LONDON - Fashion retailer French Connection aims to break even or post a profit by January 2015 as growing online sales help it recover from a loss last year, the company said on Wednesday.

French Connection spent 1.3 million pounds closing underperforming stores last year, but said it had already seen better performance in 2013, helped by its online business which now accounts for over 10 percent of British and European sales.

French Connection Spring-Summer 2013 (photo: French Connection)

The British company posted an underlying pretax loss of 7.2 million pounds ($10.7 million) for the year to end-January, compared with a pretax profit of 4.6 million pounds for the previous year.

Full-year revenue slumped 8 percent as like-for-like sales declined 7.4 percent in French Connection's core British and European market, where worries over unemployment and austerity measures have led consumers to keep a tight rein on spending, and 4.1 percent in North America.

"We've seen improvements in trading but we expect those to build through 2013. Our overall target is to reach breakeven - at least breakeven - by January 2015," chief operating officer Neil Williams told Reuters.

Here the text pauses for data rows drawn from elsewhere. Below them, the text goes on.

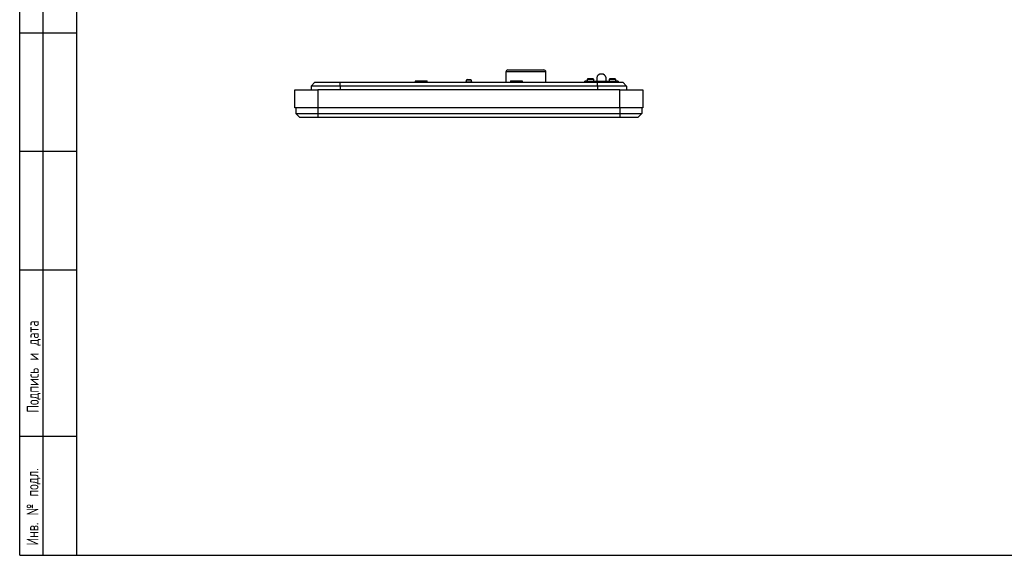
# Model space of a CAD drawing. Header units: millimetres. Extents: x 8 to 415, y 1 to 292.
# Tile 1 of 5: x 8 to 215, y 5 to 118. Entities that reach past the tile are written whole.
import ezdxf

# ---------------------------------------------------------------- set-up
doc = ezdxf.new("R2010")
doc.units = ezdxf.units.MM
doc.styles.add('SLDTEXTSTYLE0', font='TXT', dxfattribs={"width": 0.7, "bigfont": 'bigfont'})

msp = doc.modelspace()

# ---------------------------------------------------------------- linework, layer by layer
at = {"color": 7, "linetype": 'Continuous', "lineweight": 25}
for p, q in [((20, 5), (20, 292)), ((8, 5), (8, 150.0001)), ((12.8784, 150.0001), (12.8784, 5.0001)), ((20, 5), (20, 150.0001)), ((8, 115), (20, 115)), ((110.3171, 106.7873), (110.3171, 104.5873)), ((118.7171, 106.7873), (110.3171, 106.7873)), ((110.7171, 107.1873), (118.3171, 107.1873)), ((118.7171, 104.5873), (118.7171, 106.7873)), ((69.3171, 103.7873), (70.1171, 104.5873)), ((69.3171, 103.7873), (69.3171, 103.0073)), ((75.4171, 103.7873), (69.3171, 103.7873)), ((70.1171, 104.5873), (75.4171, 104.5873)), ((75.4171, 103.7873), (75.4171, 104.5873)), ((75.4171, 104.5873), (129.6171, 104.5873)), ((129.6171, 103.7873), (75.4171, 103.7873)), ((75.4171, 103.7873), (75.4171, 102.9873)), ((91.2571, 104.7873), (91.2571, 104.6473)), ((91.2571, 104.7873), (91.9007, 104.7873)), ((91.2571, 104.6473), (91.9007, 104.6473)), ((91.3171, 104.8473), (91.9301, 104.8473)), ((91.9007, 104.7873), (93.7771, 104.7873)), ((91.9007, 104.6473), (93.7771, 104.6473)), ((91.9301, 104.8473), (93.7171, 104.8473)), ((93.7771, 104.6473), (93.7771, 104.7873)), ((101.8171, 104.6873), (101.8171, 104.5873)), ((101.8171, 104.6873), (103.2171, 104.6873)), ((101.9571, 105.0473), (101.9571, 104.6873)), ((102.5171, 105.0473), (101.9571, 105.0473)), ((102.2003, 105.1673), (102.8339, 105.1673)), ((103.0771, 105.0473), (102.5171, 105.0473)), ((103.0771, 104.6873), (103.0771, 105.0473)), ((103.2171, 104.5873), (103.2171, 104.6873)), ((111.2571, 104.7873), (111.2571, 104.6473)), ((111.2571, 104.7873), (112.0828, 104.7873)), ((111.2571, 104.6473), (112.0828, 104.6473)), ((111.3171, 104.8473), (112.1034, 104.8473)), ((112.0828, 104.7873), (113.7771, 104.7873)), ((112.0828, 104.6473), (113.7771, 104.6473)), ((112.1034, 104.8473), (113.7171, 104.8473)), ((113.7771, 104.6473), (113.7771, 104.7873)), ((126.9171, 104.5873), (126.9171, 104.7873)), ((127.5171, 104.7873), (126.9171, 104.7873)), ((127.4171, 105.2033), (127.4171, 104.7873)), ((127.4171, 105.2033), (128.8171, 105.2033)), ((127.5171, 104.7873), (127.5171, 104.5873)), ((127.5171, 104.7873), (133.3171, 104.7873)), ((127.8412, 105.3073), (127.5913, 105.3073)), ((128.6429, 105.3073), (127.8412, 105.3073)), ((127.937, 105.3073), (127.937, 105.3108)), ((128.2971, 105.3108), (128.2971, 105.3073)), ((128.8171, 104.7873), (128.8171, 105.2033)), ((129.4171, 105.5036), (129.4171, 104.7873)), ((129.6171, 103.7873), (129.6171, 104.5873)), ((129.6171, 104.5873), (134.9171, 104.5873)), ((135.7171, 103.7873), (129.6171, 103.7873)), ((129.6171, 103.7873), (129.6171, 102.9873)), ((131.4171, 104.7873), (131.4171, 105.5036)), ((132.0171, 105.2033), (132.0171, 104.7873)), ((132.0171, 105.2033), (133.4171, 105.2033)), ((132.5157, 105.3073), (132.1913, 105.3073)), ((133.2429, 105.3073), (132.5157, 105.3073)), ((132.5168, 105.3073), (132.5168, 105.3108)), ((132.9173, 105.3108), (132.9173, 105.3073)), ((133.3171, 104.5873), (133.3171, 104.7873)), ((133.9171, 104.7873), (133.3171, 104.7873)), ((133.4171, 104.7873), (133.4171, 105.2033)), ((133.9171, 104.7873), (133.9171, 104.5873)), ((135.7171, 103.7873), (134.9171, 104.5873)), ((135.7171, 103.7873), (135.7171, 103.0073)), ((65.9171, 99.1873), (65.9171, 102.9873)), ((65.9171, 102.9873), (70.7171, 102.9873)), ((68.1671, 103.0073), (68.1471, 102.9873)), ((68.1671, 103.0073), (70.4671, 103.0073)), ((70.4871, 102.9873), (70.4671, 103.0073)), ((70.7171, 102.9873), (70.7171, 99.1873)), ((134.3171, 102.9873), (70.7171, 102.9873)), ((134.3171, 99.1873), (134.3171, 102.9873)), ((134.3171, 102.9873), (139.1171, 102.9873)), ((134.5671, 103.0073), (134.5471, 102.9873)), ((134.5671, 103.0073), (136.8671, 103.0073)), ((136.8871, 102.9873), (136.8671, 103.0073)), ((139.1171, 102.9873), (139.1171, 99.1873)), ((70.7171, 99.1873), (65.9171, 99.1873)), ((66.1171, 99.1873), (66.1171, 97.9873)), ((66.1171, 97.9873), (70.7171, 97.9873)), ((66.1171, 97.9873), (66.9571, 97.1473)), ((134.3171, 99.1873), (70.7171, 99.1873)), ((70.7171, 99.1873), (70.7171, 97.9873)), ((70.7171, 97.9873), (70.7171, 97.1473)), ((70.7171, 97.9873), (134.3171, 97.9873)), ((139.1171, 99.1873), (134.3171, 99.1873)), ((134.3171, 99.1873), (134.3171, 97.9873)), ((134.3171, 97.9873), (134.3171, 97.1473)), ((134.3171, 97.9873), (138.9171, 97.9873)), ((138.9171, 97.9873), (138.0771, 97.1473)), ((138.9171, 99.1873), (138.9171, 97.9873)), ((70.7171, 97.1473), (66.9571, 97.1473)), ((134.3171, 97.1473), (70.7171, 97.1473)), ((138.0771, 97.1473), (134.3171, 97.1473)), ((20, 90), (8, 90)), ((20, 65), (8, 65)), ((20, 30), (8, 30)), ((8, 5), (20, 5)), ((20, 5), (415, 5))]:
    msp.add_line(p, q, dxfattribs=at)
for centre, radius, start, end in [((110.7171, 106.7873), 0.4, 90, 180), ((118.3171, 106.7873), 0.4, 0, 90), ((130.3154, 105.3843), 0.9062, 83.558887, 172.438133), ((130.5187, 105.3843), 0.9062, 7.561867, 96.441113), ((91.3171, 104.7873), 0.06, 90, 180), ((91.3171, 104.6473), 0.06, 180, 270), ((93.7171, 104.7873), 0.06, 0, 90), ((93.7171, 104.6473), 0.06, 270, 0), ((102.5171, 104.2188), 1, 108.469468, 124.055798), ((102.5171, 104.2188), 1, 55.944202, 71.530532), ((111.3171, 104.7873), 0.06, 90, 180), ((111.3171, 104.6473), 0.06, 180, 270), ((113.7171, 104.7873), 0.06, 0, 90), ((113.7171, 104.6473), 0.06, 270, 0), ((128.1171, 104.2286), 1.2, 115.98621, 125.685335), ((128.1171, 104.2286), 1.2, 54.314665, 64.01379), ((132.7171, 104.2286), 1.2, 115.98621, 125.685335), ((132.7171, 104.2286), 1.2, 54.314665, 64.01379)]:
    msp.add_arc(centre, radius, start, end, dxfattribs=at)

# ---------------------------------------------------------------- texts
at = {"color": 7, "linetype": 'Continuous', "lineweight": 0, "char_height": 2.5, "attachment_point": 1, "rotation": 90, "style": 'SLDTEXTSTYLE0'}
for s, insert in [('Подпись и дата', (9.5139, 35.016)), ('Инв. № подл.', (9.4536, 7.0763))]:
    msp.add_mtext(s, dxfattribs=dict(at, insert=insert))

doc.saveas('drawing.dxf')

"One place that we have been continuing to invest and invest more is on the e-commerce side. We're expanding the marketing we're doing, we're expanding the number of people we've got on that side of the business just because that's the way people want to shop so you've got to be there and doing a good job."

The group has also reduced inventory levels, redesigned product ranges and increased the flexibility of its buying teams as well as reviewing pricing as part of a plan to restore the fortunes of its retail division.

In implementing these measures, the group is on the right track, but the process may take a little longer than the planned two years, said Cantor Fitzgerald retail analyst Freddie George.

"My hunch is that over time they're going to have to be a bit more radical on the restructuring going forward ... When people go in there to buy products they have been historically put off by the prices," said George.

The British company, previously known for its FCUK brand of clothing and accessories, warned in January it would make a bigger loss for the full year than the 5.47 million pounds analysts were expecting according to Thomson Reuters I/B/E/S.

French Connection's shares dropped 11 percent after the warning, having lost as much as 23 percent in September when it reported a half-year loss. The stock was trading 6.1 percent higher at 26 pence by 0910 GMT on Wednesday.

Zara owner Inditex posted 22 percent growth in net profit as it tapped fashion-hungry consumers in new markets even as austerity-hit shoppers in Europe tightened their belts.